L’association avec Sowa et Savoia pour cette adaptation en BD fonctionne à merveille. Sowa, rompue à l’exercice de synthétiser des scènes en quelques pages sans rien perdre de leur densité, arrive à surmonter la difficulté de condenser un roman en bande dessinée. Savoia met à profit un dessin maîtrisé, documenté, dynamique et généreux. Son travail sur le jeu des acteurs est à la hauteur des sentiments parfois extrêmes par lesquels les personnages passent. On le sent particulièrement à son aise dans le dessin des pages mettant en scène des groupes d’enfants.

On retrouve la saveur du parler de Gaël Faye, sa manière de dire les choses en mêlant force et retenue dans un exercice d’équilibriste. Des mots sans détours, mais pas crus pour autant, car toujours inspirés.

Pas de pathos mais de la belle sincérité, qui laisse s’immiscer, jusque dans les moments les plus graves, la lumière que portent les enfants.

Petit Pays de Gaël Faye, Sylvain Savoia et Marzena Sowa, Dupuis, 2024, 128 p.

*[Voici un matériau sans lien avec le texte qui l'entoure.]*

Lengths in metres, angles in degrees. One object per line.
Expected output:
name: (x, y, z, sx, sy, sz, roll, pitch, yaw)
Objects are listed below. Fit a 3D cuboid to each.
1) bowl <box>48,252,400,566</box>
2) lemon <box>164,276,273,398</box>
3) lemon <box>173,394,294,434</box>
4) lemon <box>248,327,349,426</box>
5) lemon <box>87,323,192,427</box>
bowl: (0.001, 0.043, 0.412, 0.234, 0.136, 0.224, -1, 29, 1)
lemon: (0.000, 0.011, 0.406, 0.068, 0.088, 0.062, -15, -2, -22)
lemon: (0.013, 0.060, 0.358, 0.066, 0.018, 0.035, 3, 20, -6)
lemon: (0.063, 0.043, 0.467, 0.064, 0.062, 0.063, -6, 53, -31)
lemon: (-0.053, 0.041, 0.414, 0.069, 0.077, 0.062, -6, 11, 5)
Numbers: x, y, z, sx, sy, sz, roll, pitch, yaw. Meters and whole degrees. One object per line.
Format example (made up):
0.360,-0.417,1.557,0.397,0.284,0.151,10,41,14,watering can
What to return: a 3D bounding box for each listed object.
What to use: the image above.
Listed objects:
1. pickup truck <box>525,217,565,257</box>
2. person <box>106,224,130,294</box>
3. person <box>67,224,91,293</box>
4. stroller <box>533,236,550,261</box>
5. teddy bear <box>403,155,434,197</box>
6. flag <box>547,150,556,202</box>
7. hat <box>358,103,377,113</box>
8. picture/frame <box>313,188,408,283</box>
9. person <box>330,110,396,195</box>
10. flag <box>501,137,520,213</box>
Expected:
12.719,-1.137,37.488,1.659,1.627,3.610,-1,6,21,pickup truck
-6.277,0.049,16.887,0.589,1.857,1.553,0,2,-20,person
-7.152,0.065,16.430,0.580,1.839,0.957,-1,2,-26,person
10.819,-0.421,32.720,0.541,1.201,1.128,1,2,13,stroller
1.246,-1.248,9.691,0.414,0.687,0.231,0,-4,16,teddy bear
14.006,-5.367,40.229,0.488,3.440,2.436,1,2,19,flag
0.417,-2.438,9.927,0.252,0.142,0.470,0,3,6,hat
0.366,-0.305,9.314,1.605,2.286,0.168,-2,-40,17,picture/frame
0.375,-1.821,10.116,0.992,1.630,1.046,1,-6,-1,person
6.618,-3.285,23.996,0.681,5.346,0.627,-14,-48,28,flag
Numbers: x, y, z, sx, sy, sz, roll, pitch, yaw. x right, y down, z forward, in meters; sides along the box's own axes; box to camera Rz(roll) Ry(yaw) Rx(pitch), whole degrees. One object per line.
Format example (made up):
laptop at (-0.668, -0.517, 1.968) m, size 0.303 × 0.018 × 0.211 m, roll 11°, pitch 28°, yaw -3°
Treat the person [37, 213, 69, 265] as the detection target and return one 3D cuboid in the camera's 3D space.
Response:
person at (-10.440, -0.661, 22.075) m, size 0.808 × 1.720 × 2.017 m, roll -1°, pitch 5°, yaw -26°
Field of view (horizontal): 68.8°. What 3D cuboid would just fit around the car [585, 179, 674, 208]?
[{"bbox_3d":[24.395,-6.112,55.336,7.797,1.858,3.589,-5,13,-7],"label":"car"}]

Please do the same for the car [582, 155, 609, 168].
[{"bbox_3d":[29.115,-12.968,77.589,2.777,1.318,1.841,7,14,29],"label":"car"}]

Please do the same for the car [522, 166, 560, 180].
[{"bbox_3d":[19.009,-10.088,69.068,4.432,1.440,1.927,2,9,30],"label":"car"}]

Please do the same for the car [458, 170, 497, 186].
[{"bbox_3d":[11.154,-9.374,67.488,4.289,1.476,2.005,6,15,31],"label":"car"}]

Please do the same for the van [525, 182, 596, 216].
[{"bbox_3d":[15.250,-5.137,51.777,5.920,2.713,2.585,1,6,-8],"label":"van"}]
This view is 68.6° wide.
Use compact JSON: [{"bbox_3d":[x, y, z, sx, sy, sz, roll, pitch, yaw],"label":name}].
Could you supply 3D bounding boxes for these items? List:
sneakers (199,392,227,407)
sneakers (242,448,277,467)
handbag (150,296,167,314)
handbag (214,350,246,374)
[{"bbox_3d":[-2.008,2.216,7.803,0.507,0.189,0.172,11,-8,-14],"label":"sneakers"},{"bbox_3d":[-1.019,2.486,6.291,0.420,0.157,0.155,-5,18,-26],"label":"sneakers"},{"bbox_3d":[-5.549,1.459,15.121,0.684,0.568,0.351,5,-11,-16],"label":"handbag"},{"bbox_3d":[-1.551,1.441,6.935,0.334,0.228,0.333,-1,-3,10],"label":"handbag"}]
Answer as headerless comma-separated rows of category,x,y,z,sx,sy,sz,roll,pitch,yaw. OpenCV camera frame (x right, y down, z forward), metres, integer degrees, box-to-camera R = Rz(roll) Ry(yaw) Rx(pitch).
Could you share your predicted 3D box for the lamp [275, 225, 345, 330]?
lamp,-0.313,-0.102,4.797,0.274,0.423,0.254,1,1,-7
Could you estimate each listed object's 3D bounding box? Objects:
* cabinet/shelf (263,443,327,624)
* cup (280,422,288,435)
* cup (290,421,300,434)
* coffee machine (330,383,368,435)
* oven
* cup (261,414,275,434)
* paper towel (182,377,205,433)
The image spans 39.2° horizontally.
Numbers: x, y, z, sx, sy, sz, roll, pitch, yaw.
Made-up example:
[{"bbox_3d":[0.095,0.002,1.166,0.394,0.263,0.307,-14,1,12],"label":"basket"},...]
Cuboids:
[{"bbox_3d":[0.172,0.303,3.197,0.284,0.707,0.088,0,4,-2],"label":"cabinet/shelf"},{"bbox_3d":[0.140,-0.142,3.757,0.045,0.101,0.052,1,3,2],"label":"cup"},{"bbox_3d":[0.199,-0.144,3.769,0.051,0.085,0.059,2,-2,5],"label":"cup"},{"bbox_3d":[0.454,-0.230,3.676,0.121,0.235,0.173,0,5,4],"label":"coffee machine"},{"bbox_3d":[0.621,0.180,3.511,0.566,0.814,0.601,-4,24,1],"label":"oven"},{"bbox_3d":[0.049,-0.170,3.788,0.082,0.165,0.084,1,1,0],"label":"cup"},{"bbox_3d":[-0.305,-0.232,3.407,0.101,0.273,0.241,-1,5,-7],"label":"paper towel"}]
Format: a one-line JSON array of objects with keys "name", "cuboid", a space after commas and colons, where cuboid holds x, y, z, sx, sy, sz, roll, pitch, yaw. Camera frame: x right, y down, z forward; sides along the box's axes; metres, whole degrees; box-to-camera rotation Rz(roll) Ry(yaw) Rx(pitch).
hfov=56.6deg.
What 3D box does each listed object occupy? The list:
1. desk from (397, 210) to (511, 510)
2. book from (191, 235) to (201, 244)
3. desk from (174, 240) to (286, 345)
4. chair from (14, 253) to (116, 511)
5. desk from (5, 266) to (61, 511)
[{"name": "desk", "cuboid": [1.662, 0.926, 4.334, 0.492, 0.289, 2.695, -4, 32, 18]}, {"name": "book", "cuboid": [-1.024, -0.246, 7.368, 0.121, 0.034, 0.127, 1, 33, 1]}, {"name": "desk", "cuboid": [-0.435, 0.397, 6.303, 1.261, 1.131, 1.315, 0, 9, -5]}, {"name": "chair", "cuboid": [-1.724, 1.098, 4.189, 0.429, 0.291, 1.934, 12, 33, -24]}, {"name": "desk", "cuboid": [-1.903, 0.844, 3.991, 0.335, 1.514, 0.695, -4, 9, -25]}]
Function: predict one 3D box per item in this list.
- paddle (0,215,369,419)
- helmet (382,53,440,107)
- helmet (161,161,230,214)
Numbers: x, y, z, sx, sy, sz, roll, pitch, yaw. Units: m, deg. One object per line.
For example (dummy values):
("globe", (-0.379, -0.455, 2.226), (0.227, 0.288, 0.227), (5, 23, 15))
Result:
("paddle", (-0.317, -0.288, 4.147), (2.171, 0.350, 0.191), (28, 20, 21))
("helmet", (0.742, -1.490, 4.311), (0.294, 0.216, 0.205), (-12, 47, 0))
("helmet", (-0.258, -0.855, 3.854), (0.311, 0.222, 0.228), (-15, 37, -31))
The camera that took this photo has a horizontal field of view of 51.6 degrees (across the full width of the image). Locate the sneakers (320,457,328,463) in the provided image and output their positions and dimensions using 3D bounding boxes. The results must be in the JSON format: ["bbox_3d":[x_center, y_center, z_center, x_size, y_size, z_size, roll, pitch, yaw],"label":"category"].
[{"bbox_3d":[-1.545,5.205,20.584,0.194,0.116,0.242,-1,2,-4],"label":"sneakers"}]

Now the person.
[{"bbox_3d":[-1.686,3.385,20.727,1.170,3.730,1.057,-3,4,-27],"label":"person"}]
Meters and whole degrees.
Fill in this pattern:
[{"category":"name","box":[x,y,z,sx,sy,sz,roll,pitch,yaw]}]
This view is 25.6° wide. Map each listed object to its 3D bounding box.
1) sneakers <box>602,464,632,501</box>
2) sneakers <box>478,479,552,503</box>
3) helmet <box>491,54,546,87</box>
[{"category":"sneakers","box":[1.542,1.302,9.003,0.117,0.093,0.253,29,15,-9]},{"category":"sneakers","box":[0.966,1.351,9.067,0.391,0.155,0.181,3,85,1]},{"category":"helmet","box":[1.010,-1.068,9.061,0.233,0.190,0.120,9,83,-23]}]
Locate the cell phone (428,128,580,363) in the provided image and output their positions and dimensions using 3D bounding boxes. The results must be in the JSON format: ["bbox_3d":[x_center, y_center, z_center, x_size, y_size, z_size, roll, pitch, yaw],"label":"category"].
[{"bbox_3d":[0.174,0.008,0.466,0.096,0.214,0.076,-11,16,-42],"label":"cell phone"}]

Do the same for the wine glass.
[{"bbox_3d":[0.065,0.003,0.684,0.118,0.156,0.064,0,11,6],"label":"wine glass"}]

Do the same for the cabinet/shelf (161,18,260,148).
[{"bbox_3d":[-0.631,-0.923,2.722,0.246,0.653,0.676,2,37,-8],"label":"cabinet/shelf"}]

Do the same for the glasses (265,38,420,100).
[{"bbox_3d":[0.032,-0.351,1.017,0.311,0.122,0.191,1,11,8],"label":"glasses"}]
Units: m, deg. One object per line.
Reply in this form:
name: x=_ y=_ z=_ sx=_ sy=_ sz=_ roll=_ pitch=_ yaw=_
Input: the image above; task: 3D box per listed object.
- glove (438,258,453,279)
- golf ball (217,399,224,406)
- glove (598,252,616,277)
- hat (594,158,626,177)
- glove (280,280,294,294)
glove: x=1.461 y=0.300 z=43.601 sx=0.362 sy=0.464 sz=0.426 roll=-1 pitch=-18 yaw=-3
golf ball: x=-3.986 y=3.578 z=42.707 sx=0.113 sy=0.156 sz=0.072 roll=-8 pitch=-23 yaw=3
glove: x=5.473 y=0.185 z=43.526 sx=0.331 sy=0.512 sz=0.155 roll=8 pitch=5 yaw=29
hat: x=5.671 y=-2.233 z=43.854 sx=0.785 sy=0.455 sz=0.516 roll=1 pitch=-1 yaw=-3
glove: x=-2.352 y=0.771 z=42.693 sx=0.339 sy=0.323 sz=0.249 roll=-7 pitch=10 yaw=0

Au début des années 2010, le journal de bande dessinée pour la jeunesse Spirou accueille une nouvelle héroïne : Marzi. Fait rare pour ce journal, Marzi est une bande dessinée « du réel », puisqu’elle raconte, par succession de petits épisodes, la jeunesse de la scénariste Marzena Sowa en Pologne sous l’ère soviétique, au début des années 80. Au dessin, Sylvain Savoia, qu’on connaissait jusque-là pour des récits d’aventure ou de science-fiction aux mises en scène beaucoup plus cinématographiques tels que la série Nomad ou Al’Togo scénarisées par Jean-David Morvan.L’un comme l’autre ont poursuivi ensuite dans la voie des histoires directement inspirées du réel : pour Savoia, ce sera, à titre d’exemple, l’album Les Esclaves oubliés de Tromelin, histoire vraie de la survie, quinze années...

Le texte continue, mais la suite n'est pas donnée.